## WORK REQUEST
Restate word for word the lines beginning with the one that contains "Query: the motorcycle (528,615,654,665)." and ending at the bottom of the records below, both included.

Source data
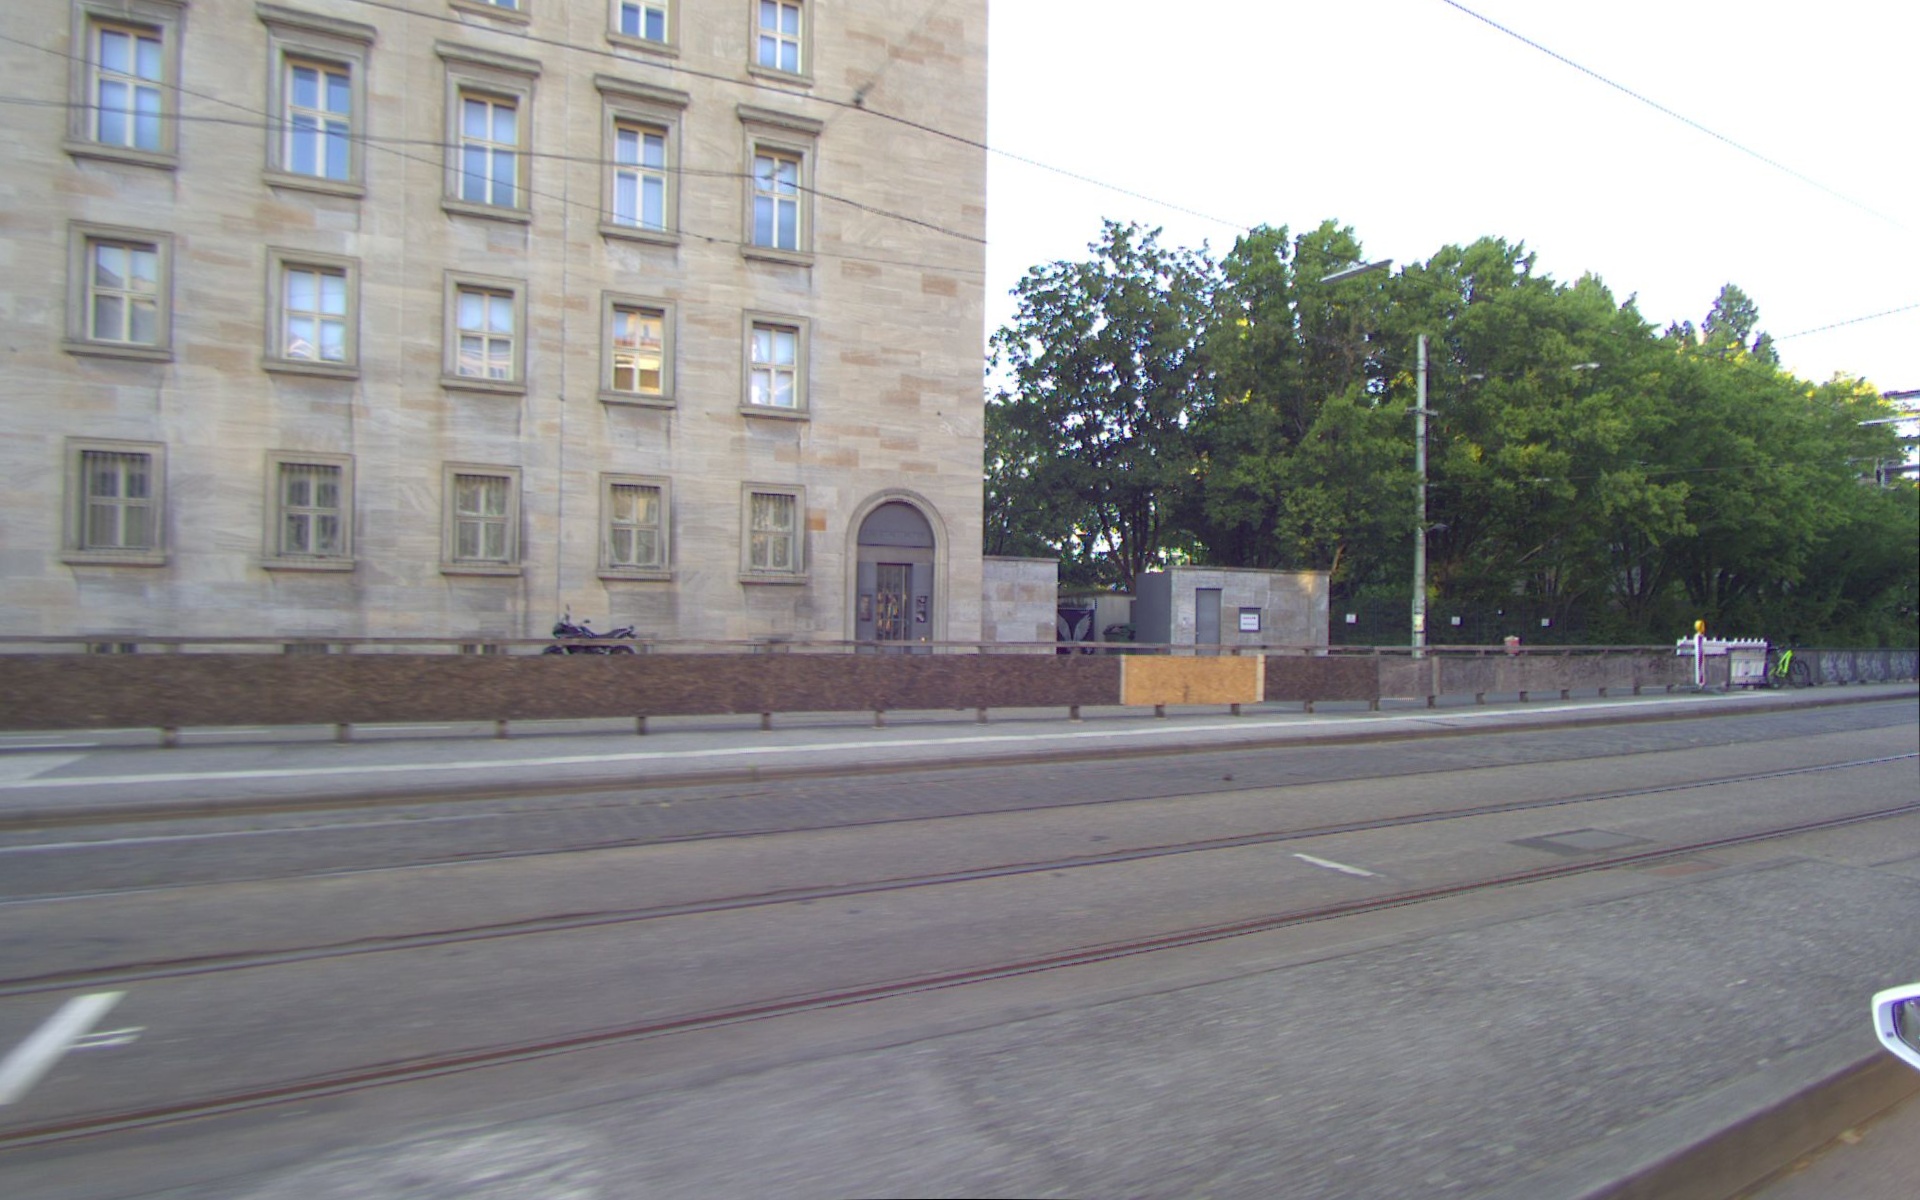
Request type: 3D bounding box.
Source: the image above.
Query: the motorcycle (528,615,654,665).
[{"bbox_3d":[-8.314,0.912,22.675,2.615,1.089,0.697,1,-2,-22],"label":"motorcycle"}]

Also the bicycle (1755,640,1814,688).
[{"bbox_3d":[19.641,1.511,23.921,1.999,1.089,0.460,1,-1,-31],"label":"bicycle"}]

## WRITTEN RESPONSE
Query: the motorcycle (528,615,654,665).
[{"bbox_3d":[-8.314,0.912,22.675,2.615,1.089,0.697,1,-2,-22],"label":"motorcycle"}]

Also the bicycle (1755,640,1814,688).
[{"bbox_3d":[19.641,1.511,23.921,1.999,1.089,0.460,1,-1,-31],"label":"bicycle"}]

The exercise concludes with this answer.